Certa vez ouvi um colega de faculdade, branco e filho de juiz, dizendo assim:
- Essa classe média pseudo-européia tem que se foder muito, porque na hora em que o oprimido resolver tomar conta de tudo, vai todo mundo pro paredão!
Eu olhava para a boca do sujeito falando isso, olhava para a blusa da Calvin Klein no peito dele, o Swatch no pulso e o iPhone no bolso e pensava "algum encosto de Sierra Maestra baixou nesse moleque, não é possível".
Mas é. A esquerda leite com pêra do Brasil (queria falar da América Latina, mas tenho a sorte de não conhecer seus países tão a fundo a ponto de descobrir que o revolucionário Big Mac também existe por lá) é portadora de uma profunda e praticamente incurável esquizofrenia cognitiva.
Não é que o que ele diz vá de encontro ao que ele pratica na vida, isso já é esperado, o que acontece é pior: ele consegue dizer uma coisa e depois falar outra completamente desconectada do que disse primeiro, dependendo de quem seja o alvo da sua fúria.
Por exemplo, aquele artista engajado que recebe salário de ator de novela e adora contar na Caras o que comprou, pra onde viajou e quanto gastou, mas que passa as madrugadas no Twitter xingando a imprensa golpista, a mídia, a Globo.
E assim como ele, tantos outros. Se você der uma passeadinha por aí vai ouvir de tudo, de todo tipo de gente "progressista" e "coerente".
Do cara que se diz revolucionário e contra o sistema, mas que sai até na porrada numa festa de batizado se alguém falar mal do governo:
- Chupa reaça! Deixa de ser conservador, cara, esquece isso. Você vai ter que engolir, o PT está há dez anos no poder e tem que ficar mais uns vinte!
Da mocinha do "bem", vegetariana e doadora da WWF, que acha um horror aquela churrascaria rodízio, afinal, animais são amigos e não comida:
- Tomara que o desgraçado que atropelou esse cachorro para não bater de cara num poste seja morto junto com a família inteira num acidente numa roda gigante.
Do estudante de Sociologia, diz que "gosta de pessoas", apoia a poligamia e é ativista xiita da passeata gay:
- Detesto preconceituoso.
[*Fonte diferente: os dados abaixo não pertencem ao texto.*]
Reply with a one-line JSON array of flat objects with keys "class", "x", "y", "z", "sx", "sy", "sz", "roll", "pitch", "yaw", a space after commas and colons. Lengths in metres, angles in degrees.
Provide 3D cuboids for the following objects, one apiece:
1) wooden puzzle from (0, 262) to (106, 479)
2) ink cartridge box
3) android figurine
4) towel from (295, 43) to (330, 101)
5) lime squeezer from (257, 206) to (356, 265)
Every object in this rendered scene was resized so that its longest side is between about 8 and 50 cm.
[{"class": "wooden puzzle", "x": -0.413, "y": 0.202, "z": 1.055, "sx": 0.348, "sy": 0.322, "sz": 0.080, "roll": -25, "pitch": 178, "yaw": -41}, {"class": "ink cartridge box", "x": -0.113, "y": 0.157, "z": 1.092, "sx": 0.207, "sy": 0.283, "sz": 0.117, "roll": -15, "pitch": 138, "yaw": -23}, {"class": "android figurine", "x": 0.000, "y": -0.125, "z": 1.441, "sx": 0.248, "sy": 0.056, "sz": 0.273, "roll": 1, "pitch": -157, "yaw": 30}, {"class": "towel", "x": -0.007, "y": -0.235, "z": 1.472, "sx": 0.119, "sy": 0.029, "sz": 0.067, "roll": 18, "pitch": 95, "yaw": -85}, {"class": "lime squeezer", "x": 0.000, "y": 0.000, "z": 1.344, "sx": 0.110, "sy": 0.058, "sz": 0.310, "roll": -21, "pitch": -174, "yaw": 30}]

Tomara que o filho daquele pastor seja gay, hahaha vou zoar muito.
Da feminista que lê Karl Marx, acha as propagandas de cerveja um absurdo e dá um piti e se acha "coisificada" quando recebe uma cantada de algum bêbado na rua (porque né, sovaco cabeludo só bêbado):
- Mulheres devem ter direitos iguais, não é possível que esses "mascus" (N. da T.: apelido pejorativo dado a homens que não apoiam o feminismo) filhos das putas não aprendam o lugar deles, sociedade machista de bosta, vê essas amélias, tinham que passar o resto da vida lavando cueca e sendo cornas.
Do barbudinho que milita no DCE, adora um forró pé-de-serra e qualquer outra coisa "de raiz", curte fumar um baseado e detesta a polícia, mesmo que ela apareça para salvar uma velhinha de 90 anos de um estupro coletivo praticado por esquilos:
- Polícia é tudo fascista. Polícia lembra ditadura, cara, e a ditadura foi atroz. Não sei como alguém ainda pode ser de direita e gostar de polícia depois daquilo. Merece ser colocado num pau de arara e levar uma coça.
Dos ecologistas que te olham torto porque você pegou mais de duas folhas de papel para enxugar a mão ou então porque dá mais do que uma descarga no banheiro de casa por semana:
- Minha gente, vamos nos conscientizar! Os recursos da Terra vão acabar! Acho que precisamos urgentemente organizar um show de rock que gaste vários quilowatts de energia para protestar contra isso!
E finalmente, o defensor da democracia, da igualdade, da livre expressão, desde que você não seja um escroto, babaca e ignorante que precisa ler mais e parar de discordar das opiniões dele:
- Precisamos defender Cuba (mesmo governo há 54 anos) e a Venezuela (mesmo governo há 15 anos) contra a ditadura estadunidense (eleições regulares de 4 em 4 anos)!
Só posso concluir que o maior perigo que corremos debatendo qualquer coisa com esse pessoal é deles um dia concordarem com a gente.
2 Comentários:
Perfeito! Gosto desse senso apurado e cômico com que você retrata esses vômitos alheios do dia a dia.
Eu já desisti, e já faz algum tempo.
Um bando de babacas, bobalhões quem vão para a Europa quando a brincadeirinha fica sem graça.